On lit plus qu’on pense. Parce que lire dispense de penser, on lit beaucoup, de sorte qu’on pense peu. Lorsqu’on écrit beaucoup on est conduit insensiblement à répéter ce qu’on a déjà écrit, répétition qui n’est qu’une dilution de ce qui a été pensé de façon plénière dans le passé, de ce qui a été vécu avant d’être dit. Qui s’arrête de lire une page pour sentir monter en lui l’écho de ce qu’il vient de lire ? Qui reprend telle page une autre fois pour en goûter de nouveau – et ce sera de nouvelle manière – la vérité, directe, imperturbable, qui va plus loin que ce qui est exposé, que ce qu’on en comprend, si bien qu’on ne sait où elle vous conduira si on y correspond dans sa vie, qu’on en a peur tout en n’ignorant pas au fond de soi que si on ne va pas là où elle commence à appeler d’aller, la vie n’est plus que vasque, vide de n’être remplie que de ce qui y a pris place, parce qu’on l’a reçu sans le savoir ou qu’on l’y a mis pour s’occuper, en accumulant ses lectures.

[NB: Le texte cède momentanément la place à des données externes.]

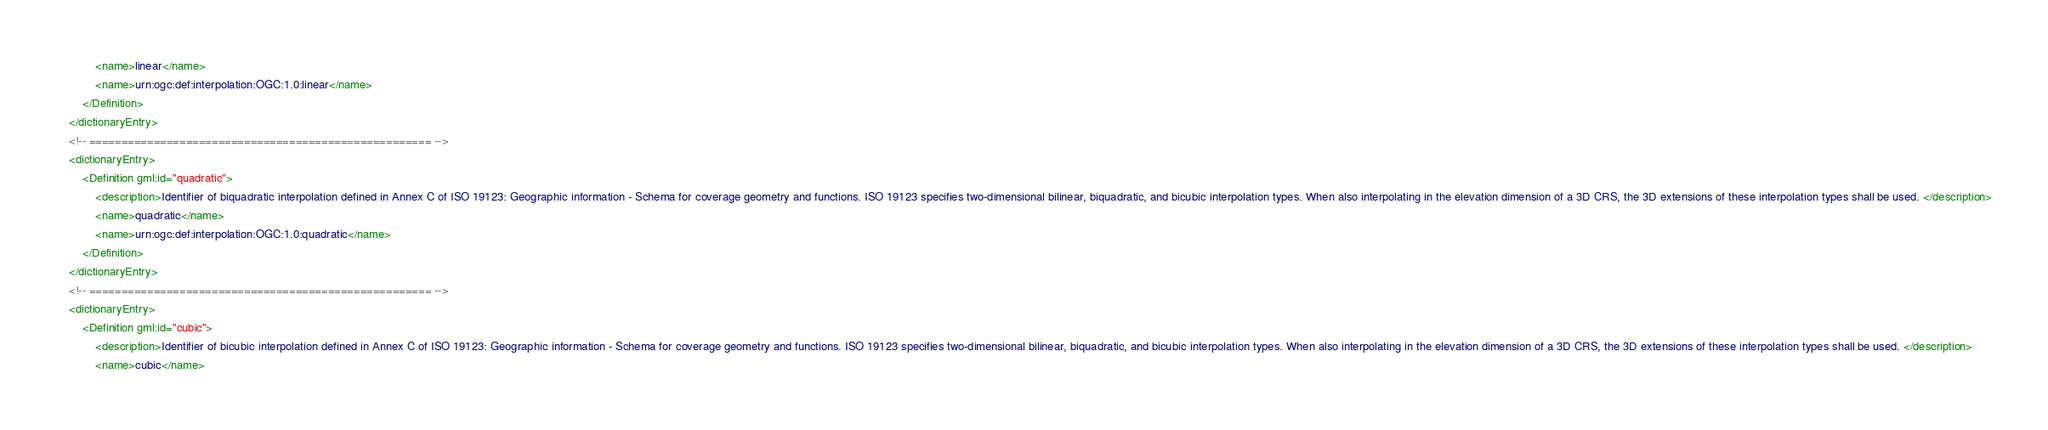<code> <loc_0><loc_0><loc_500><loc_500><_XML_>			<name>linear</name>
			<name>urn:ogc:def:interpolation:OGC:1.0:linear</name>
		</Definition>
	</dictionaryEntry>
	<!-- ===================================================== -->
	<dictionaryEntry>
		<Definition gml:id="quadratic">
			<description>Identifier of biquadratic interpolation defined in Annex C of ISO 19123: Geographic information - Schema for coverage geometry and functions. ISO 19123 specifies two-dimensional bilinear, biquadratic, and bicubic interpolation types. When also interpolating in the elevation dimension of a 3D CRS, the 3D extensions of these interpolation types shall be used. </description>
			<name>quadratic</name>
			<name>urn:ogc:def:interpolation:OGC:1.0:quadratic</name>
		</Definition>
	</dictionaryEntry>
	<!-- ===================================================== -->
	<dictionaryEntry>
		<Definition gml:id="cubic">
			<description>Identifier of bicubic interpolation defined in Annex C of ISO 19123: Geographic information - Schema for coverage geometry and functions. ISO 19123 specifies two-dimensional bilinear, biquadratic, and bicubic interpolation types. When also interpolating in the elevation dimension of a 3D CRS, the 3D extensions of these interpolation types shall be used. </description>
			<name>cubic</name></code> 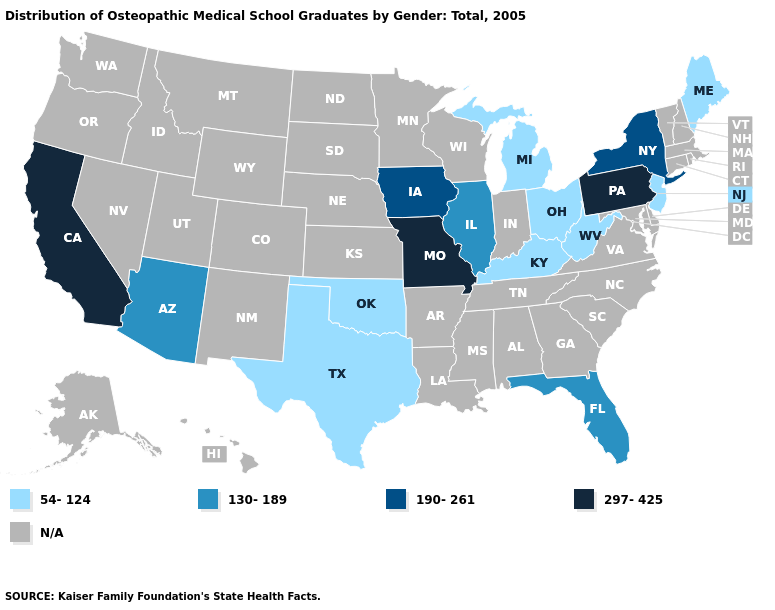What is the value of Mississippi?
Write a very short answer. N/A. Does Arizona have the lowest value in the West?
Answer briefly. Yes. Does Pennsylvania have the lowest value in the Northeast?
Quick response, please. No. Among the states that border Oklahoma , does Missouri have the lowest value?
Short answer required. No. Name the states that have a value in the range 130-189?
Keep it brief. Arizona, Florida, Illinois. Name the states that have a value in the range 190-261?
Keep it brief. Iowa, New York. What is the value of Alaska?
Short answer required. N/A. What is the highest value in the West ?
Keep it brief. 297-425. What is the value of Wyoming?
Give a very brief answer. N/A. What is the value of New York?
Write a very short answer. 190-261. Which states have the lowest value in the West?
Answer briefly. Arizona. What is the lowest value in the West?
Short answer required. 130-189. What is the highest value in the West ?
Quick response, please. 297-425. What is the highest value in states that border California?
Keep it brief. 130-189. Is the legend a continuous bar?
Quick response, please. No. 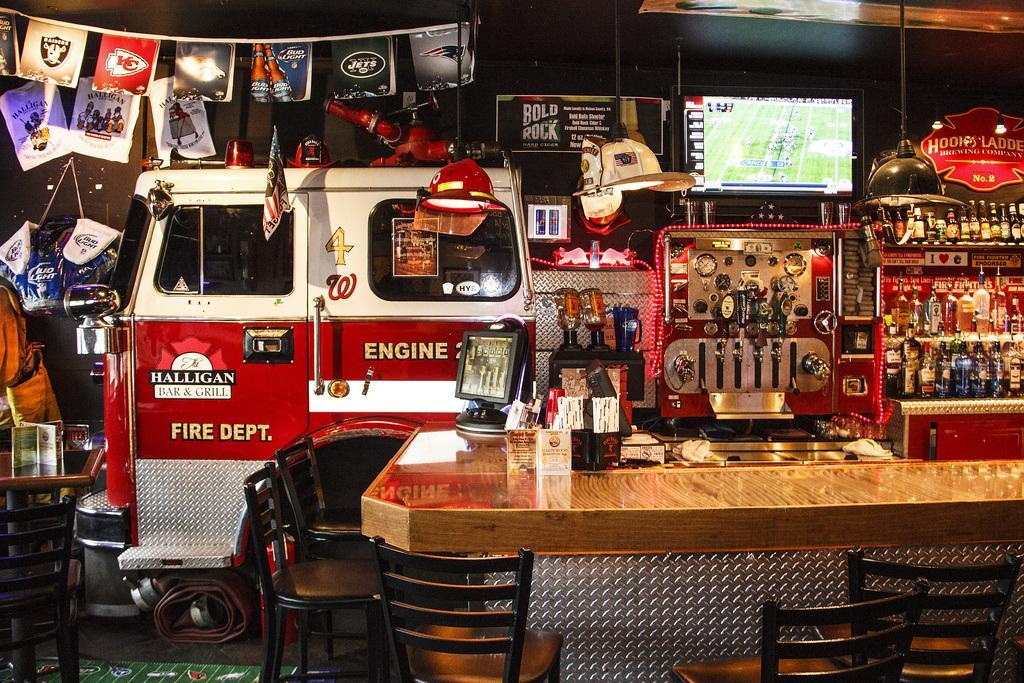How would you summarize this image in a sentence or two? In this image there is one table and some chairs, and on the table there is a photo frame, box and some other objects. And in the background there are some bottles, television, light and some instruments, vehicle door and some other objects. And on the left side there are some flags, posters, papers, chair and some objects and under the vehicle there is one cover. At the bottom there is floor. 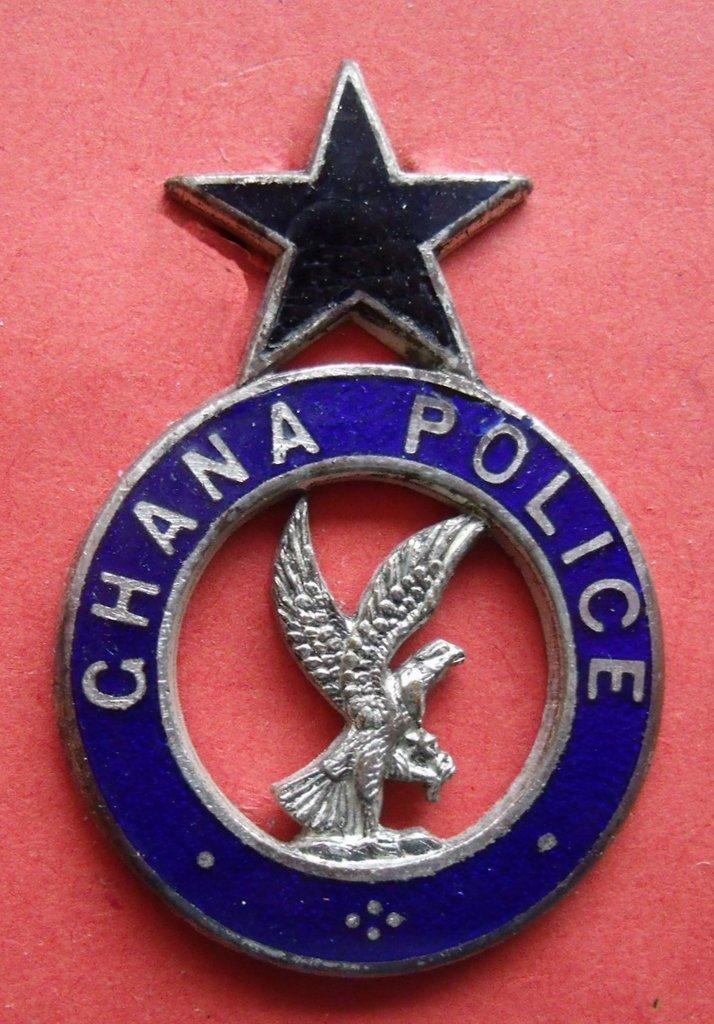What is the main object in the image? There is a badge in the image. What colors are present on the badge? The badge has black, blue, and silver colors. What text is written on the blue part of the badge? The text "Chana Police" is written on the blue part of the badge. What is the background color of the badge? The badge is on a red surface. Is there any lace visible on the badge in the image? No, there is no lace present on the badge in the image. 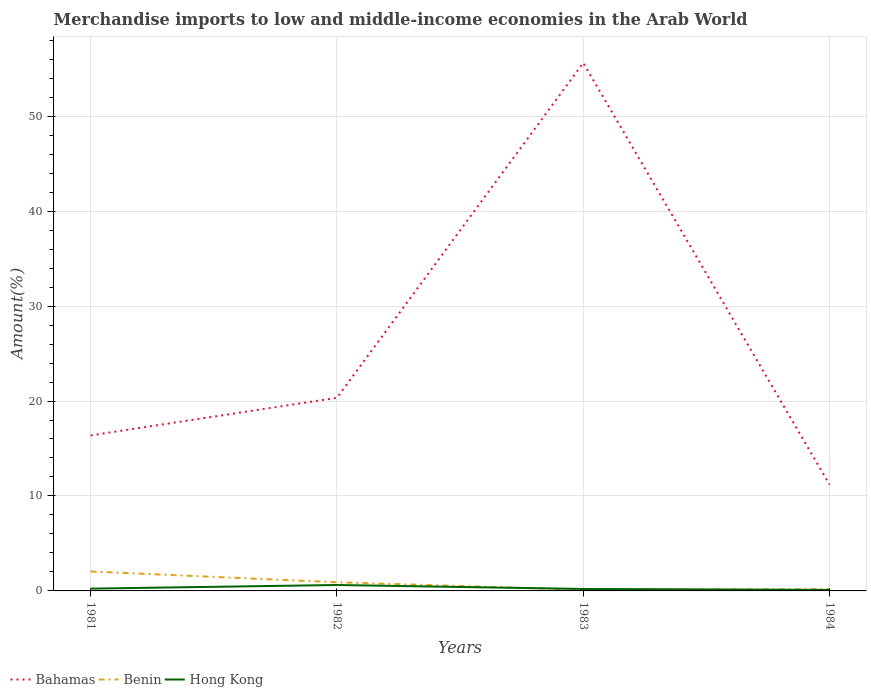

Mais alors, pourquoi écrire, ce qui est vraiment écrire, puisque nul ne lit, ce qui est vraiment lire ? Pour mieux penser. Oui. Mais ne pense pas à toute heure l’homme qui pense. Mais penser, c’est souvent remettre en question ce qu’on a jadis pensé. Et jusqu’où cela va-t-il aller. Que nous restera-t-il à la fin si tout sans cesse se remet en question ? L’énergie même qui nous fait penser. Cette nécessité à laquelle nous nous sommes soumis au lieu de nous dérober. Cette foi qui n’est pas la foi qui se prêche, ou qu’on impose, ou qu’on pose a priori ne pas devoir être pensée. Cette « foi » qui me prend la vie jusqu’à me dépouiller de tout ce avec quoi j’ai cru vivre, de ce à partir de quoi j’ai commencé à vivre. Me restera-t-elle, elle qui sans cesse me file des doigts ? Ce souffle me restera-t-il jusqu’à mon dernier soupir ? L’accompagnera-t-il jusqu’à lui succéder ? S’il n’en était rien, rien ne serait de ce que je suis. Mais ma manière même d’instinctivement, de vitalement m’échapper à cette réalité ultime qui nie en moi toute réalité, m’affirme que, ne serais-je que cela, le sens de ma vie est de découvrir qu’elle n’en a pas.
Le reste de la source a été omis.